Palme is not only a composer: the Viennese virtuoso also plays the contrabass recorder. Her Swiss-made Kueng instrument, standing at over two metres tall, resembles nothing so much as an orphan organ pipe (and the organ is, after all, basically just a consort of recorders with delusions of grandeur). This modern adaptation of a medieval prototype is perhaps the most recent addition to the woodwind sub-bass range, joining some (less common) members of the saxophone family, the more established contrabassoon and contrabass clarinet, and (from the 1980s) the contrabass flute. The soft sound of the instrument benefits from discreet amplification, which makes it ideal for use with electronics. Palme’s other composition (a premiere), “Noneuclidian Playgrounds”, included guitar and electronic transformation of the giant recorder, and progressed to hatch a surprising drum-beat rhythm at the end.

The contrabass recorder was heard to good effect in the solo “Fachwerk”, from the Mexican-Austrian Daniel De la Cuesta. A strict palindrome, it began (and, of course, ended) with the “pizzicato” effects of tonguing, developing into a high-register melody with a low pitched accompaniment, and on to a pivotal core of multiphonics and organ-like depth.

Wellingtonian Philip Brownlee’s 2009 “The Length of a Breath” showed another side of the contrabass recorder, challenging Palme to produce exquisitely soft, mellow notes over the wide range of the instrument.

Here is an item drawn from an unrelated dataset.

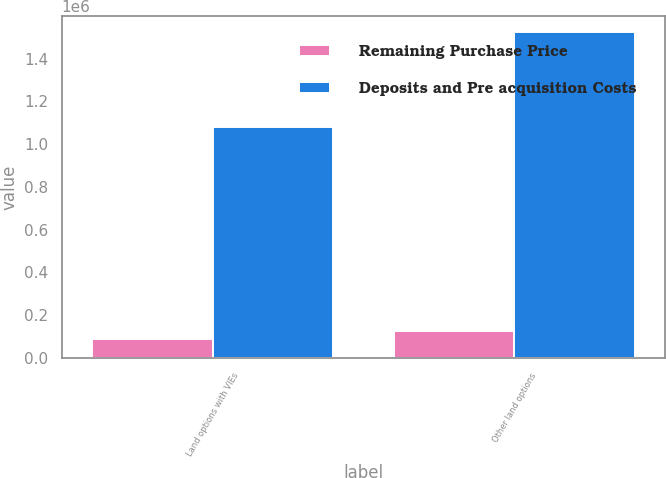<chart> <loc_0><loc_0><loc_500><loc_500><stacked_bar_chart><ecel><fcel>Land options with VIEs<fcel>Other land options<nl><fcel>Remaining Purchase Price<fcel>90717<fcel>127851<nl><fcel>Deposits and Pre acquisition Costs<fcel>1.07951e+06<fcel>1.5229e+06<nl></chart>

Along with his other premiere in this concert, “The Length of a Breath” marked a welcome return to composition for Brownlee. Also written this year was the even more impressive “As if to Catch the Fleeting Tail of Time” for an ensemble of piccolo, bassoon, viola, guitar and piano. Here Brownlee’s timeless world of carefully placed gestures, unsuspected colour blends, and delicate Webernian klangfarbenmelodie distributed among the players, was enough (just) to sustain one’s interest, despite any perceivable thrust of forward momentum. (One intriguing technique was a microtonal scale achieved by successively plucking a guitar string while simultaneously pitch-bending it.)

Another premiere from another Wellingtonian was Michael Norris’s 2008 “Amato”. As sensitively rendered by pianist Donald Nicolson, this proved one of Norris’s most immediately attractive works to date, as it evolved from its rarefied opening to gradually fill the keyboard space out to its extremities, on towards a fortissimo explosion, and then to a mysterious close.

Jack Body’s “Aeolian Harp” from 1979 is almost a classic, in its versions for violin or cello. Somewhat rarer was the recension for solo viola performed by Nicholas Hancox. A study in harmonics, this piece evoked a wind-harp playing the most primordial of all scales.

“Non-Lieu” by French composer Thierry Blondeau also began as an essay in harmonics, expertly elicited (in rapid-fire staccato) from the guitar, by Dylan Lardelli. Further techniques introduced within this ingenious (if overlong) composition included live detuning with the tuning pegs, closely-beating intervals, and, during Lardelli’s theatrical exit (reflecting the interest in the use of space found also in Blondeau’s piece for a “moving chamber orchestra”), swinging the guitar to produce Doppler-effected pitch changes.